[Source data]
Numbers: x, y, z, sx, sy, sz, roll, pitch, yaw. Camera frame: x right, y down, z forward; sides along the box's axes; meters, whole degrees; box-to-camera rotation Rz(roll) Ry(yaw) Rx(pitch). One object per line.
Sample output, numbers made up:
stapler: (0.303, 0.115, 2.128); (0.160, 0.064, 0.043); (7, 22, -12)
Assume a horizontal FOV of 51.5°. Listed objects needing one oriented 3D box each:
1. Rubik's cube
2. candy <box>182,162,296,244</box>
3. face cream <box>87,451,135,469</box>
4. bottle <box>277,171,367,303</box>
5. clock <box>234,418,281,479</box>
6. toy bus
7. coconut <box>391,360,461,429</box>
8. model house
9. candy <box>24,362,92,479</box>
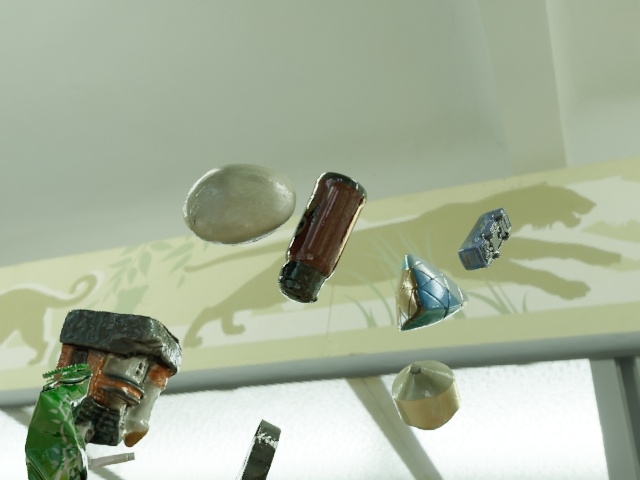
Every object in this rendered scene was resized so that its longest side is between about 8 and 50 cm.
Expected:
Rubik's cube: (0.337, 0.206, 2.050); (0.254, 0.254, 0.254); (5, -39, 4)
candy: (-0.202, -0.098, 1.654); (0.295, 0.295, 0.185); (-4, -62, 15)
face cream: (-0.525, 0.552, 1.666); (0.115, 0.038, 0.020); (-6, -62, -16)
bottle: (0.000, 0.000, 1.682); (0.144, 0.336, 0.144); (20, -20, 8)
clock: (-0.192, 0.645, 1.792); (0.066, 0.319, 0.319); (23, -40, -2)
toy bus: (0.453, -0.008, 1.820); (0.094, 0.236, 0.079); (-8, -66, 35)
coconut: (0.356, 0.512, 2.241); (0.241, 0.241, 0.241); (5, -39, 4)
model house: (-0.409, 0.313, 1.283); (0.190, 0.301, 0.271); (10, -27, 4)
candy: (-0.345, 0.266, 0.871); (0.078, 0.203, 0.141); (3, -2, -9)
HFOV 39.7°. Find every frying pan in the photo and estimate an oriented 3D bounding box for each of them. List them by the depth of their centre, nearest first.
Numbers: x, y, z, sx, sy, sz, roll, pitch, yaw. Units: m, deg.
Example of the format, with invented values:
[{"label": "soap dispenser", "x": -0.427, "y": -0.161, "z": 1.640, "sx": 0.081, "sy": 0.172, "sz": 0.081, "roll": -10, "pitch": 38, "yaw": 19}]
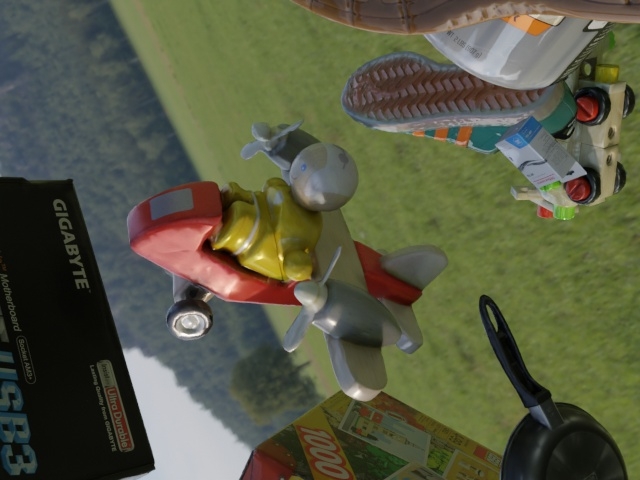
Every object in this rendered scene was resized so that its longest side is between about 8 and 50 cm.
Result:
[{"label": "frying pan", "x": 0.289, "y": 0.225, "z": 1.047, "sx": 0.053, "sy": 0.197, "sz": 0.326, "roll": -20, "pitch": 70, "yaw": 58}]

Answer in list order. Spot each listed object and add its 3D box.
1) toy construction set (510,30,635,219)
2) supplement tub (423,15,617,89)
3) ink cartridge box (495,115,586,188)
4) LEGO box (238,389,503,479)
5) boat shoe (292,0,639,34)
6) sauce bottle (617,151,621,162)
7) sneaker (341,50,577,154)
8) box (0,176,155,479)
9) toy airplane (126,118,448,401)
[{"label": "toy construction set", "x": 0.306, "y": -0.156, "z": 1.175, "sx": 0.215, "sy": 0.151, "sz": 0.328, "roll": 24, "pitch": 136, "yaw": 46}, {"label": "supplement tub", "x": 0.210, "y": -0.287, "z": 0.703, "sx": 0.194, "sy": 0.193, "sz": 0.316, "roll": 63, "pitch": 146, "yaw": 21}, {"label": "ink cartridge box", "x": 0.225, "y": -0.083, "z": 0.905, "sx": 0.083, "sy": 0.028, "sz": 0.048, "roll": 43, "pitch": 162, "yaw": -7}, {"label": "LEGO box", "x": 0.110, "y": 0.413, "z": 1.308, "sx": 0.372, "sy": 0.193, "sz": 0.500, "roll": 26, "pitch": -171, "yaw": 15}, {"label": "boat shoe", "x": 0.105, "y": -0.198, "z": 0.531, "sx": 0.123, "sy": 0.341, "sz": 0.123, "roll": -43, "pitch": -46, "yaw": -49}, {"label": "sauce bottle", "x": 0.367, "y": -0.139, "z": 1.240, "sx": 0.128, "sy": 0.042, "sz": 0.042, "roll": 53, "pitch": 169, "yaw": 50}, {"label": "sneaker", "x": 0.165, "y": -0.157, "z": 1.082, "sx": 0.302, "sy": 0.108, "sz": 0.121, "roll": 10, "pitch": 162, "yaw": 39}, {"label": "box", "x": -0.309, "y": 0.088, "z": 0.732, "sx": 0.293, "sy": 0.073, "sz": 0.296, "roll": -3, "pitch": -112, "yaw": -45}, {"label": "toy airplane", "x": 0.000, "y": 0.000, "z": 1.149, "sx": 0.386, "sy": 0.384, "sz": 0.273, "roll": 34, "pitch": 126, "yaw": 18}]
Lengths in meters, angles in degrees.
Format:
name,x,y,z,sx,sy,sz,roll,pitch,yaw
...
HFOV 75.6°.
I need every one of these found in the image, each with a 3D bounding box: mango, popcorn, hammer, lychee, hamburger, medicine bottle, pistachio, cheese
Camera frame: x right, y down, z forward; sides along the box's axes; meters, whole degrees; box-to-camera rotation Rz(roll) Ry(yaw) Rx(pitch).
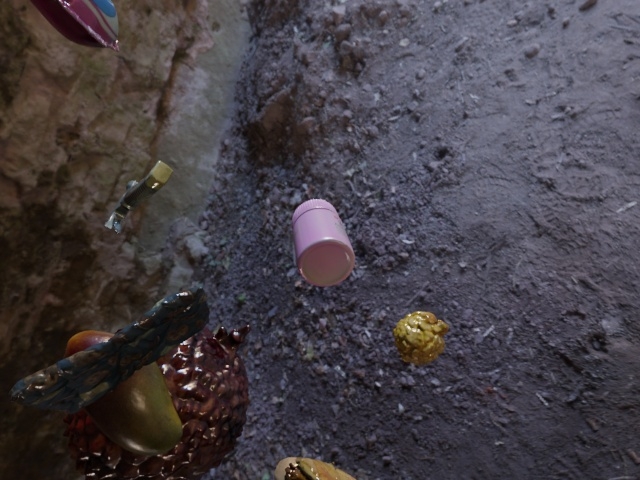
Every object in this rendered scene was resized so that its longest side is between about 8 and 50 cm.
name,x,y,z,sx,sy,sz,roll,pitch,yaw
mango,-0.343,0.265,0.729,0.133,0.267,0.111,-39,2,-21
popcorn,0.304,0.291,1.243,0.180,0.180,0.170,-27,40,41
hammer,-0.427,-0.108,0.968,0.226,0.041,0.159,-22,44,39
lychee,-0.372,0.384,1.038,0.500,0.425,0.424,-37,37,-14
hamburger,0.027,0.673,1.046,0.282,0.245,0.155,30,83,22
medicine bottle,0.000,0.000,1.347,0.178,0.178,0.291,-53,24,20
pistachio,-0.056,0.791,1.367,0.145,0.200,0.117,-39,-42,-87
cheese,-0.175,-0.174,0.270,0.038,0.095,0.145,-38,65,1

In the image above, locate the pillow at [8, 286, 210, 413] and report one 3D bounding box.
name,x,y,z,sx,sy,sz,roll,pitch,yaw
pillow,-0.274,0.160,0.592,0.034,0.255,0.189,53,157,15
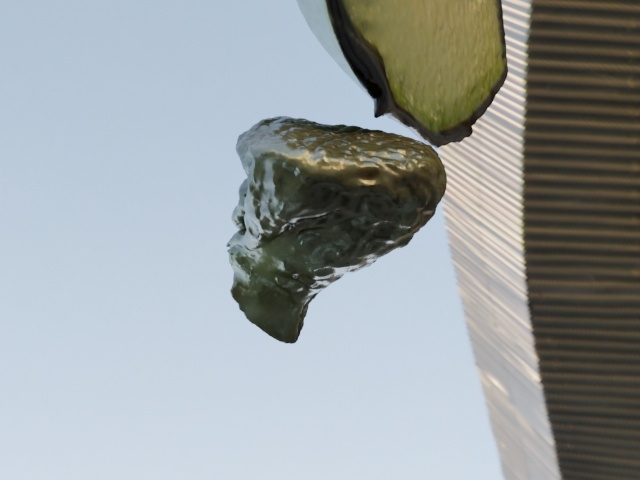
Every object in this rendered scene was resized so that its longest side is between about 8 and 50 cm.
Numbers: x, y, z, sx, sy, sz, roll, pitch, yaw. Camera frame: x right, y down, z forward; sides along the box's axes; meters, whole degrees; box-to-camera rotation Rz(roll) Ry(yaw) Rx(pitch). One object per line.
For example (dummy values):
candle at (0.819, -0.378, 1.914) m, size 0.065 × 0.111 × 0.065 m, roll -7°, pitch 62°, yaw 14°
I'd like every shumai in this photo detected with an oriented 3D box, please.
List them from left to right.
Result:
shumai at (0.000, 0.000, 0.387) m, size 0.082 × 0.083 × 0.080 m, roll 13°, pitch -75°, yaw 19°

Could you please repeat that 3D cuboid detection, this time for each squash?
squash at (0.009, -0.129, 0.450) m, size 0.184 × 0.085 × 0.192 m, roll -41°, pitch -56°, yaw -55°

PROBLEM TO WORK ON: Each record should be given again exactly, with no picture carried over.

EXERCISE OUTPUT:
Numbers: x, y, z, sx, sy, sz, roll, pitch, yaw. Camera frame: x right, y down, z forward; sides along the box's axes; meters, whole degrees; box-to-camera rotation Rz(roll) Ry(yaw) Rx(pitch). One object per line.
Sample output, numbers made up:
stapler: (0.303, 0.115, 2.128); (0.160, 0.064, 0.043); (7, 22, -12)
Assume a horizontal FOV of 51.5°. Listed objects needing one oriented 3D box each:
1. Rubik's cube
2. candy <box>182,162,296,244</box>
3. face cream <box>87,451,135,469</box>
4. bottle <box>277,171,367,303</box>
5. clock <box>234,418,281,479</box>
6. toy bus
7. coconut <box>391,360,461,429</box>
8. model house
9. candy <box>24,362,92,479</box>
Every object in this rendered scene was resized so that its longest side is between about 8 and 50 cm.
Expected:
Rubik's cube: (0.337, 0.206, 2.050); (0.254, 0.254, 0.254); (5, -39, 4)
candy: (-0.202, -0.098, 1.654); (0.295, 0.295, 0.185); (-4, -62, 15)
face cream: (-0.525, 0.552, 1.666); (0.115, 0.038, 0.020); (-6, -62, -16)
bottle: (0.000, 0.000, 1.682); (0.144, 0.336, 0.144); (20, -20, 8)
clock: (-0.192, 0.645, 1.792); (0.066, 0.319, 0.319); (23, -40, -2)
toy bus: (0.453, -0.008, 1.820); (0.094, 0.236, 0.079); (-8, -66, 35)
coconut: (0.356, 0.512, 2.241); (0.241, 0.241, 0.241); (5, -39, 4)
model house: (-0.409, 0.313, 1.283); (0.190, 0.301, 0.271); (10, -27, 4)
candy: (-0.345, 0.266, 0.871); (0.078, 0.203, 0.141); (3, -2, -9)
HFOV 39.7°. Find every frying pan in the photo and estimate an oriented 3D bounding box for each of them. List them by the depth of their centre, nearest first.
Numbers: x, y, z, sx, sy, sz, roll, pitch, yaw. Units: m, deg.
Example of the format, with invented values:
[{"label": "soap dispenser", "x": -0.427, "y": -0.161, "z": 1.640, "sx": 0.081, "sy": 0.172, "sz": 0.081, "roll": -10, "pitch": 38, "yaw": 19}]
Every object in this rendered scene was resized so that its longest side is between about 8 and 50 cm.
Result:
[{"label": "frying pan", "x": 0.289, "y": 0.225, "z": 1.047, "sx": 0.053, "sy": 0.197, "sz": 0.326, "roll": -20, "pitch": 70, "yaw": 58}]

Answer in list order. Spot each listed object and add its 3D box.
1) toy construction set (510,30,635,219)
2) supplement tub (423,15,617,89)
3) ink cartridge box (495,115,586,188)
4) LEGO box (238,389,503,479)
5) boat shoe (292,0,639,34)
6) sauce bottle (617,151,621,162)
7) sneaker (341,50,577,154)
8) box (0,176,155,479)
9) toy airplane (126,118,448,401)
[{"label": "toy construction set", "x": 0.306, "y": -0.156, "z": 1.175, "sx": 0.215, "sy": 0.151, "sz": 0.328, "roll": 24, "pitch": 136, "yaw": 46}, {"label": "supplement tub", "x": 0.210, "y": -0.287, "z": 0.703, "sx": 0.194, "sy": 0.193, "sz": 0.316, "roll": 63, "pitch": 146, "yaw": 21}, {"label": "ink cartridge box", "x": 0.225, "y": -0.083, "z": 0.905, "sx": 0.083, "sy": 0.028, "sz": 0.048, "roll": 43, "pitch": 162, "yaw": -7}, {"label": "LEGO box", "x": 0.110, "y": 0.413, "z": 1.308, "sx": 0.372, "sy": 0.193, "sz": 0.500, "roll": 26, "pitch": -171, "yaw": 15}, {"label": "boat shoe", "x": 0.105, "y": -0.198, "z": 0.531, "sx": 0.123, "sy": 0.341, "sz": 0.123, "roll": -43, "pitch": -46, "yaw": -49}, {"label": "sauce bottle", "x": 0.367, "y": -0.139, "z": 1.240, "sx": 0.128, "sy": 0.042, "sz": 0.042, "roll": 53, "pitch": 169, "yaw": 50}, {"label": "sneaker", "x": 0.165, "y": -0.157, "z": 1.082, "sx": 0.302, "sy": 0.108, "sz": 0.121, "roll": 10, "pitch": 162, "yaw": 39}, {"label": "box", "x": -0.309, "y": 0.088, "z": 0.732, "sx": 0.293, "sy": 0.073, "sz": 0.296, "roll": -3, "pitch": -112, "yaw": -45}, {"label": "toy airplane", "x": 0.000, "y": 0.000, "z": 1.149, "sx": 0.386, "sy": 0.384, "sz": 0.273, "roll": 34, "pitch": 126, "yaw": 18}]
Lengths in meters, angles in degrees.
Format:
name,x,y,z,sx,sy,sz,roll,pitch,yaw
...
HFOV 75.6°.
I need every one of these found in the image, each with a 3D bounding box: mango, popcorn, hammer, lychee, hamburger, medicine bottle, pistachio, cheese
Camera frame: x right, y down, z forward; sides along the box's axes; meters, whole degrees; box-to-camera rotation Rz(roll) Ry(yaw) Rx(pitch).
Every object in this rendered scene was resized so that its longest side is between about 8 and 50 cm.
name,x,y,z,sx,sy,sz,roll,pitch,yaw
mango,-0.343,0.265,0.729,0.133,0.267,0.111,-39,2,-21
popcorn,0.304,0.291,1.243,0.180,0.180,0.170,-27,40,41
hammer,-0.427,-0.108,0.968,0.226,0.041,0.159,-22,44,39
lychee,-0.372,0.384,1.038,0.500,0.425,0.424,-37,37,-14
hamburger,0.027,0.673,1.046,0.282,0.245,0.155,30,83,22
medicine bottle,0.000,0.000,1.347,0.178,0.178,0.291,-53,24,20
pistachio,-0.056,0.791,1.367,0.145,0.200,0.117,-39,-42,-87
cheese,-0.175,-0.174,0.270,0.038,0.095,0.145,-38,65,1

In the image above, locate the pillow at [8, 286, 210, 413] and report one 3D bounding box.
name,x,y,z,sx,sy,sz,roll,pitch,yaw
pillow,-0.274,0.160,0.592,0.034,0.255,0.189,53,157,15
Every object in this rendered scene was resized so that its longest side is between about 8 and 50 cm.
Numbers: x, y, z, sx, sy, sz, roll, pitch, yaw. Camera frame: x right, y down, z forward; sides along the box's axes; meters, whole degrees; box-to-camera rotation Rz(roll) Ry(yaw) Rx(pitch). One object per line.
For example (dummy values):
candle at (0.819, -0.378, 1.914) m, size 0.065 × 0.111 × 0.065 m, roll -7°, pitch 62°, yaw 14°
I'd like every shumai in this photo detected with an oriented 3D box, please.
List them from left to right.
Result:
shumai at (0.000, 0.000, 0.387) m, size 0.082 × 0.083 × 0.080 m, roll 13°, pitch -75°, yaw 19°

Could you please repeat that 3D cuboid detection, this time for each squash?
squash at (0.009, -0.129, 0.450) m, size 0.184 × 0.085 × 0.192 m, roll -41°, pitch -56°, yaw -55°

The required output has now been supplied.